A dirlo, nero su bianco, è uno studio della Fondazione Visentitni e presentato oggi alla Luiss: i giovani italiani impiegano sempre più tempo a diventare autonomi. “Se un giovane di 20 anni nel 2004 aveva impiegato 10 anni per costruirsi una vita autonoma, nel 2020 ne impiegherà 18 (arrivando quindi a 38 anni), e nel 2030 addirittura 28: diventerebbe, in sostanza, ‘grande’ a cinquant’anni”.
Ma non basta. Perché dallo studio emerge anche che l’Italia “è penultima in Europa per equità intergenerazionale facendo meglio solo della Grecia”. Per fare fronte a questo problema, “sarebbe necessario un patto tra generazioni con un contributo da parte dei pensionati nella parte apicale delle fasce pensionistiche con un intervento progressivo sia rispetto alla capacità contributiva, sia ai contributi versati”, si legge nello studio.
Dunque “serve una rimodulazione dell’imposizione che, con funzione redistributiva, tenga conto della maturità fiscale”, propone lo studio, secondo la quale sarebbe necessario anche un “contributo solidaristico da parte della generazione più matura che gode delle pensioni più generose”, questo – aggiunge lo studio – sarebbe “doveroso, non solo sotto il profilo etico, ma anche sotto quello sociale ed economico”.

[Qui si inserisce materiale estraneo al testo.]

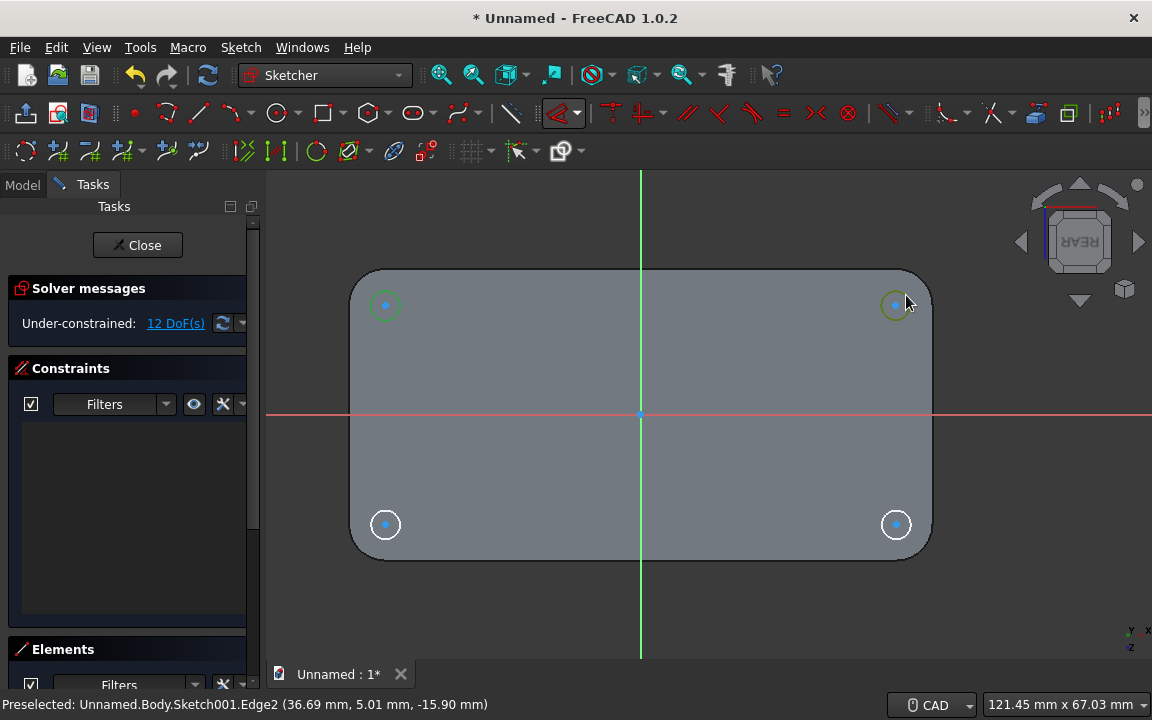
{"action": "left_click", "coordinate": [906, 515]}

Un ulteriore allarme è quello che riguarda il peso dei giovani tra i 15 e i 29 anni senza occupazione (Neet) sull’economia. Stando ai dati della ricerca, l’incidenza dei ragazzi che non studiano, né lavorano, né sono impiegati in forme di apprendistato professionale è salito a 32,65 miliardi, contro i 23,8 miliardi del 2008, anche se la cifra è inferiore ai 34,6 miliardi del 2014.